Надо думать, что у него под самым носом, в правительствующем Сенате, царили честность и верность высшему долгу… Однако вот письмо Рылеева к жене из Петербурга от 25 ноября 1820 года: «Милый друг Натанинька! Уведомляю, что просьба матушкина получена в Сенате, но, как полагают, возвращена будет с надписью, ибо таковых в общем собрании не рассматривают. Так говорил мне один секретарь сенатский; но я думаю, что это в переводе значит: дай!.. Без денег ничего нельзя будет сделать. Деньги — лучшие стряпчие, а потому и скажи матушке и Ивану Михайловичу, чтоб поспешили выслать к январю рублей тысячу… Завтра же еду к обер-секретарю Ушакову просить, дабы просьба была принята… Уже пора подмазывать».
А что делалось в низших инстанциях, Рылеев хорошо знал по Острогожску и Воронежу. Недаром Рылеев, искавший в Петербурге службу, мечтавший получить хотя бы самое скромное место, не всякое мог принять. Предложили ему быть в Софийском уезде, в котором располагалось Батово, исправником. «Я наотрез отказался от этой подлой должности, которою у вас так дорожат и тщеславятся», — пишет Рылеев жене. В системе аракчеевской бюрократии он надеялся найти такое место, где бы он мог действовать в защиту народных прав.
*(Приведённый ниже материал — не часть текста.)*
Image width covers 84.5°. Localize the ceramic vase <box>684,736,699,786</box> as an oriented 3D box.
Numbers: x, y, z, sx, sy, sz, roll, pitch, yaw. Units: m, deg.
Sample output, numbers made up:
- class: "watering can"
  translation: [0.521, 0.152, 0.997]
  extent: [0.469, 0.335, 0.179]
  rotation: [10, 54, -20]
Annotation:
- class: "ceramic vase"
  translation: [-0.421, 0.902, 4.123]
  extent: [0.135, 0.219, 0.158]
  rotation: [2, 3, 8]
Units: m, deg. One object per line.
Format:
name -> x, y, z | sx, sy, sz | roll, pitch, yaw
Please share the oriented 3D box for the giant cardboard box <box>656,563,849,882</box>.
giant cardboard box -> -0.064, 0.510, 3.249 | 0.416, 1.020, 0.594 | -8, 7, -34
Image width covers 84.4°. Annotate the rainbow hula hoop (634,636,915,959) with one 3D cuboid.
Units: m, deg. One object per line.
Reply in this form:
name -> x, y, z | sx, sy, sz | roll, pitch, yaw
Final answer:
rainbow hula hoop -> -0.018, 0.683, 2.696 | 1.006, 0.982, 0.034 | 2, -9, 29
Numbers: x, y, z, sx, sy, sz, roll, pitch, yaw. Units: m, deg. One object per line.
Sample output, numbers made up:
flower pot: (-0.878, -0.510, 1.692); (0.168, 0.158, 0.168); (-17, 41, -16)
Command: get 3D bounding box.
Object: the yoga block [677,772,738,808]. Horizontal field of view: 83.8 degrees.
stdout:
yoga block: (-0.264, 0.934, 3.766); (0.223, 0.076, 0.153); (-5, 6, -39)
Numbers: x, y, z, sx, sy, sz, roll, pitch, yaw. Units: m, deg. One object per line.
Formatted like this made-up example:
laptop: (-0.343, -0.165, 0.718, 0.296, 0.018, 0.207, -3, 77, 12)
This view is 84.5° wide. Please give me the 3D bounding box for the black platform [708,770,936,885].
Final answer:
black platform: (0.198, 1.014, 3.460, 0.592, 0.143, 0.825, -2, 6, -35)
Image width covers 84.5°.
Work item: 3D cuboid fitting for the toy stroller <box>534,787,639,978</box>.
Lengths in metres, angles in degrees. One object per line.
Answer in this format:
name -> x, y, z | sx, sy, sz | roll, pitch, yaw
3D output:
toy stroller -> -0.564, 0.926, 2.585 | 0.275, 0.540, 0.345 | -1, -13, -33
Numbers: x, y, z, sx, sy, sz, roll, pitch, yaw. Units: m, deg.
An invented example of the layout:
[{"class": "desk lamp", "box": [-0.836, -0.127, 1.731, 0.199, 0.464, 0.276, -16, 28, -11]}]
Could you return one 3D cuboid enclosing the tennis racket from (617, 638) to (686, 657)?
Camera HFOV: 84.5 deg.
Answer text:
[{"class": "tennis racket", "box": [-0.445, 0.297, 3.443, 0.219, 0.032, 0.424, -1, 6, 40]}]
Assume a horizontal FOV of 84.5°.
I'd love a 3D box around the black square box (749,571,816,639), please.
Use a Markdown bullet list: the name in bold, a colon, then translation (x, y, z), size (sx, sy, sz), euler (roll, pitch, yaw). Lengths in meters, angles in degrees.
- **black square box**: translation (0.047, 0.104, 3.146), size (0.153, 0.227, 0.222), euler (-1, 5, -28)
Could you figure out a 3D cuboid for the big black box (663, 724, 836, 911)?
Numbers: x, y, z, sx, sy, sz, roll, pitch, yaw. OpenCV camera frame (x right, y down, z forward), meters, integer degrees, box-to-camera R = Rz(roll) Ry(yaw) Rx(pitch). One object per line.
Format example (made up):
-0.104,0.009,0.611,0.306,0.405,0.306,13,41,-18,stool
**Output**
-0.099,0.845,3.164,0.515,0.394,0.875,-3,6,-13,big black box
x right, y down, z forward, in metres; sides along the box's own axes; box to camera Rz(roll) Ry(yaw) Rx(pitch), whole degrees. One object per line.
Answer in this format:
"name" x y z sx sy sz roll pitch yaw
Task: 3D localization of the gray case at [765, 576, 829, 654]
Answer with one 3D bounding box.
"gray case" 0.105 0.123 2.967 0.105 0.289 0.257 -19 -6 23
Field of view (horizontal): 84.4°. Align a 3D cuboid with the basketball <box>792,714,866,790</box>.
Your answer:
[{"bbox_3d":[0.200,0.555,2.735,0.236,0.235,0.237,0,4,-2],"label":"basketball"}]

И вот в такой-то обстановке редакторы «Невского Зрителя» Сниткин и Кругликов пошли на огромный риск. Ли каким-то чудом провели через цензуру сатиру «К временщику». Десятый номер журнала, который должен был выйти в октябре, до конца ноября все еще не мог поступить в типографию, — борьба была нелегкой. Здесь, без сомнения, потребовалась хитрая, чуть ли не военная тактика.
Рылеев поставил на карту все. «Моя сатира «К временщику» уже печатается в 10-й книге «Невского Зрителя». Многие удивляются, как пропустили ее», — писал Рылеев Бедраге в Острогожск 23 ноября 1820 года.
В ноябре, 11-го числа, еще до выхода в свет 10-й книги «Невского Зрителя», Кругликов принес сатиру Рылеева на очередное заседание Вольного общества любителей российской словесности, Орест Сомов прочитал ее вслух перед членами- Федором Глинкой, Никитиным, Гнедичем, Измайловым и многими другими. Это был тактический ход автора и издателей журнала: сатира прозвучала в собрании «высочайше» утвержденного общества и была одобрена. Вероятно, в этом одобрении выразилась связь Вольного общества с декабристским Союзом Благоденствия.
В декабре наконец появился журнал. «Нельзя представить изумления, ужаса, даже, можно сказать, оцепенения, — пишет Николай Бестужев, — каким поражены были жители столицы при сих неслыханных звуках правды и укоризны, при сей борьбе младенца с великаном. Все думали, что кары грянут, истребят и дерзновенного поэта и тех, которые внимали ему». «Рылеев громко и всенародно вызвал временщика на суд истины… назвал его деяния, определил им цену и смело предал проклятию потомства», — продолжает Бестужев.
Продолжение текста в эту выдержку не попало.